By DONOVAN HARRELL
Georgia Secretary of State Brad Raffensperger called for more bipartisanship and integrity from elected officials when addressing issues related to election security and accessibility.
Raffensperger, who famously denied former President Donald Trump’s requests to overturn the 2020 election, and Pitt Cyber Founding Director David Hickton discussed previous elections, election security, recent changes in the Georgia electoral process and more during a virtual conversation on Nov. 8.
The event, hosted by Pitt Cyber and the Institute of Politics, is a part of Pitt Cyber’s bipartisan “Protecting Democracy and Securing Our Elections” series, where experts gather to discuss election security, democracy and more.
Raffensperger has been Georgia secretary of state since January 2019, and he previously served in the state’s House of Representatives. In recent months, he’s called for vote reform in his state to promote more confidence in the election process.

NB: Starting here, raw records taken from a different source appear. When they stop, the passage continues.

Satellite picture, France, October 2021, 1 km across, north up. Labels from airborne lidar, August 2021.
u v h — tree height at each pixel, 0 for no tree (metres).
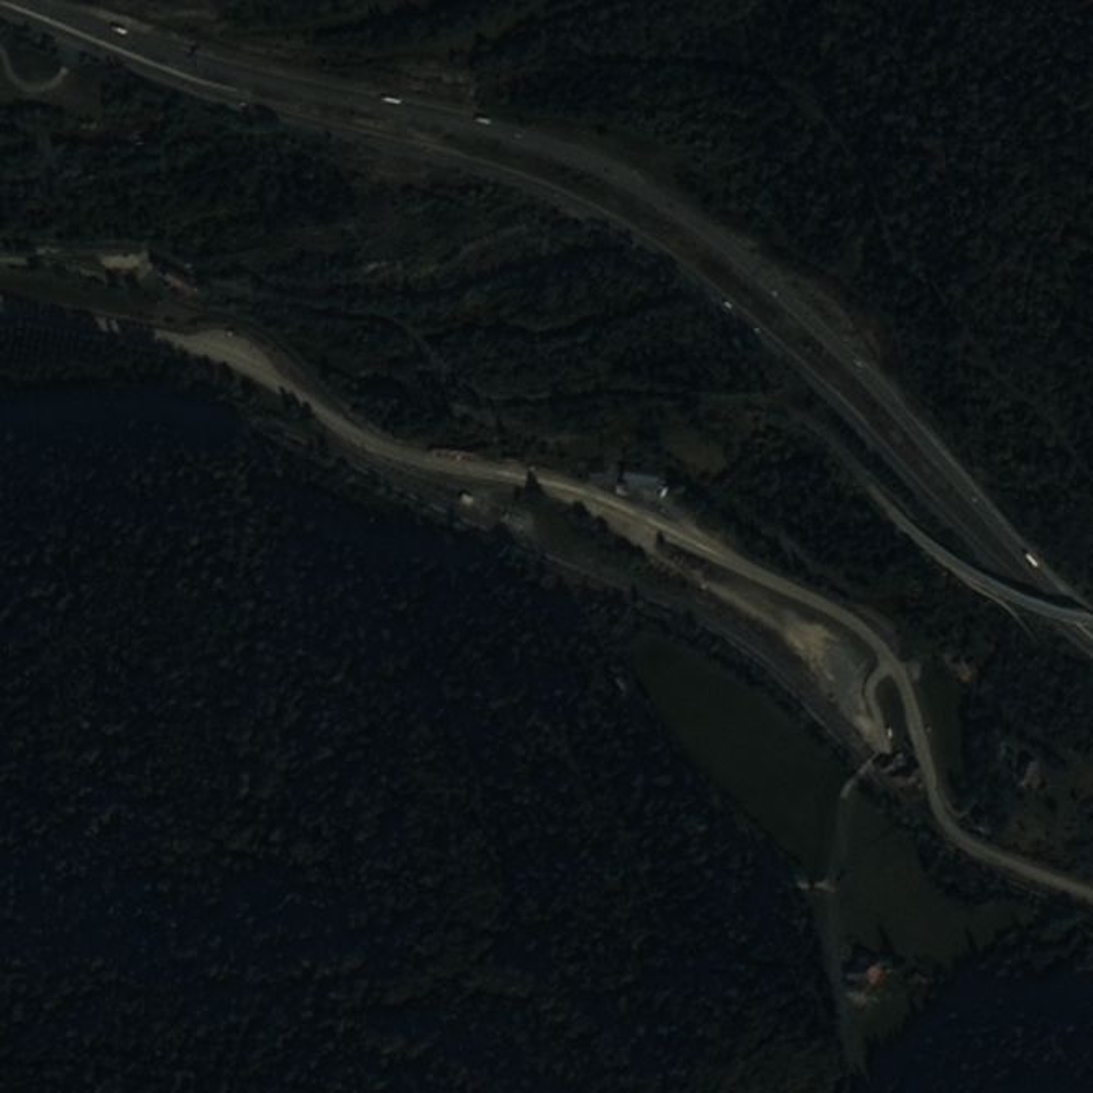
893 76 20
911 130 18
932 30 23
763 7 14
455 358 8
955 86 8
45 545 30
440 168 0
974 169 9
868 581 7
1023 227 14
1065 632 0
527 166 0
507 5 19
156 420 7
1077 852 11
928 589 11
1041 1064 17
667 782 23
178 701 9
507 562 17
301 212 23
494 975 25
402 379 18
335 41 12
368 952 8
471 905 28
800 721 6
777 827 0
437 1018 7
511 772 28
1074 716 7
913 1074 8
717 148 12
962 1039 23
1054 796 0
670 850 9
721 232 0
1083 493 13
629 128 7
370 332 14
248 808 15
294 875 6
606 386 15
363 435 0
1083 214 21
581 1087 10
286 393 0
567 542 0
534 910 17
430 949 26
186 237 12
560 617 8
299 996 15
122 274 0
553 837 7
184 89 0
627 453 6
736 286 0
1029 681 5
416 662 9
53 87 0
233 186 28
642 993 12
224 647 10
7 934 24
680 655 0
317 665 21
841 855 0
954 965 0
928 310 19
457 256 7
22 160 12
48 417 6
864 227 19
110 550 13
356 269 10
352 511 9
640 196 0
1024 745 7
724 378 10
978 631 17
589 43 13
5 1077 12
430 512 11
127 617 8
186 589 13
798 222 12
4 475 29
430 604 15
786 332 0
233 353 0
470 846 26
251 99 0
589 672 7
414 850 30
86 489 14
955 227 27
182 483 11
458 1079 25
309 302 14
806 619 0
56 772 21
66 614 9
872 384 0
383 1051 24
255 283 8
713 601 0
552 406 11
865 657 0
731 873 6
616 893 13
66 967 24
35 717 21
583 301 13
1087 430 16
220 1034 24
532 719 25
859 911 0
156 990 28
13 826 12
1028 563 0
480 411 21
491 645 13
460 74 0
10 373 21
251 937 19
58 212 27
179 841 12
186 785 10
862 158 17
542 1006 22
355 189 6
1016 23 19
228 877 15
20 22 0
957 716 0
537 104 29
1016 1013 28
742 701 0
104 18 0
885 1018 0
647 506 0
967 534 0
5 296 0
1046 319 9
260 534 13
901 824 10
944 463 0
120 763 13
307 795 31
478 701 8
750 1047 20
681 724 0
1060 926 18
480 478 0
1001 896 12
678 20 13
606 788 7
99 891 26
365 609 24
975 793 14
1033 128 22
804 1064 17
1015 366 10
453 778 8
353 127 0
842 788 0
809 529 9
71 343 22
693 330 11
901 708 0
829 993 19
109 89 6
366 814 28
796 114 12
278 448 9
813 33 29
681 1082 19
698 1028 26
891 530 13
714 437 8
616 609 15
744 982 19
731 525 14
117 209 22
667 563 0
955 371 14
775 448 13
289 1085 13
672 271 7
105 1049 10
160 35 0
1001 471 9

As secretary of state, Raffensperger chaired the state election board until the state’s General Assembly passed a controversial bill earlier this year that, among other changes, created new voter ID requirements, shortened the time people can request absentee ballots and made it illegal for people to approach voters in line, even people offering food and water. There hasn’t been any evidence of widespread voter fraud in previous elections.
Opponents say this bill disproportionately limits voting access for African-Americans and promotes more widespread voter suppression.
With this new bill, the General Assembly will appoint the chair of the state election board, and the governor will have to approve the appointment.
Hickton and Raffensperger discussed events leading to the 2020 presidential election, ballot counting, and the now-infamous conversation with Trump.
Raffensperger said there was a wave of disinformation that was spread after the election, with claims that there was widespread voter fraud. As the ballots were being counted on election day, once the votes shifted in Biden’s favor, people started to question the results, he said.
He officially certified the vote count two weeks after the election. Raffensperger said he also audited every single paper ballot by hand and did a 100 percent recount.
“The advantage of doing a hand recount, we found three counties that had issues,” he said. “We found those issues in some counties that went to the benefit of now-President Biden and some went to the benefit of President Trump. But overall, it did not change the initial results that President Trump came up short.”
Raffensperger said that even though no election is perfect, there weren’t nearly as many issues with the vote count as Trump had raised. Trump claimed that thousands of dead people had votes counted, when in reality, there were less than five; that thousands of felons voted when there were less than 74; and that 66,000 votes came from underage voters, even though they all turned 18 before the election.
Raffensperger said the call with Trump lasted an hour and 10 minutes. He said he made sure he was presenting precise, accurate numbers with Trump since everything he said could be used in court if necessary.
When Hickton asked Raffensperger how he felt about the call, Raffensperger said he was mainly focused on following the law and the constitution.
“I knew that there weren’t votes to find. And my job is to follow my oath of office, to follow the Constitution. And that’s what I did,” Raffensperger said. “It’s as simple as that. It wasn’t fun because we had a cascade of angry people that didn’t understand.”
Raffensperger didn’t say if he was threatened or not, “but I understand the power of some of the levers that the federal government has.”
“But I also knew that we stood on the facts, we stood on the truth,” he said. “And so I felt that, yes, I hear what he’s saying, I know that I follow the law. And at the end of the day, I always believe that truth wins out.”
He talks more about the call in his book, “Integrity Counts,” where he also shares his opinions on how to fix the political divide in the U.S.
“You really want to fix America? Here’s my big solution. It’s not really complicated,” Raffensperger said. “We need more integrity. We just need to lean back into those values we got from our parents, grandparents. We call them small-town values now, but, but I like to tell people, it didn’t matter if you were some kid from Brooklyn, New York, or from the coalfields of West Virginia, or cotton fields of South Georgia when we went to fight in WWII, you really had unified values … and that was just decency, integrity, honesty, be nice to each other, be respectful for all Americans.”
A recording of the event is available through the Protecting Democracy Series.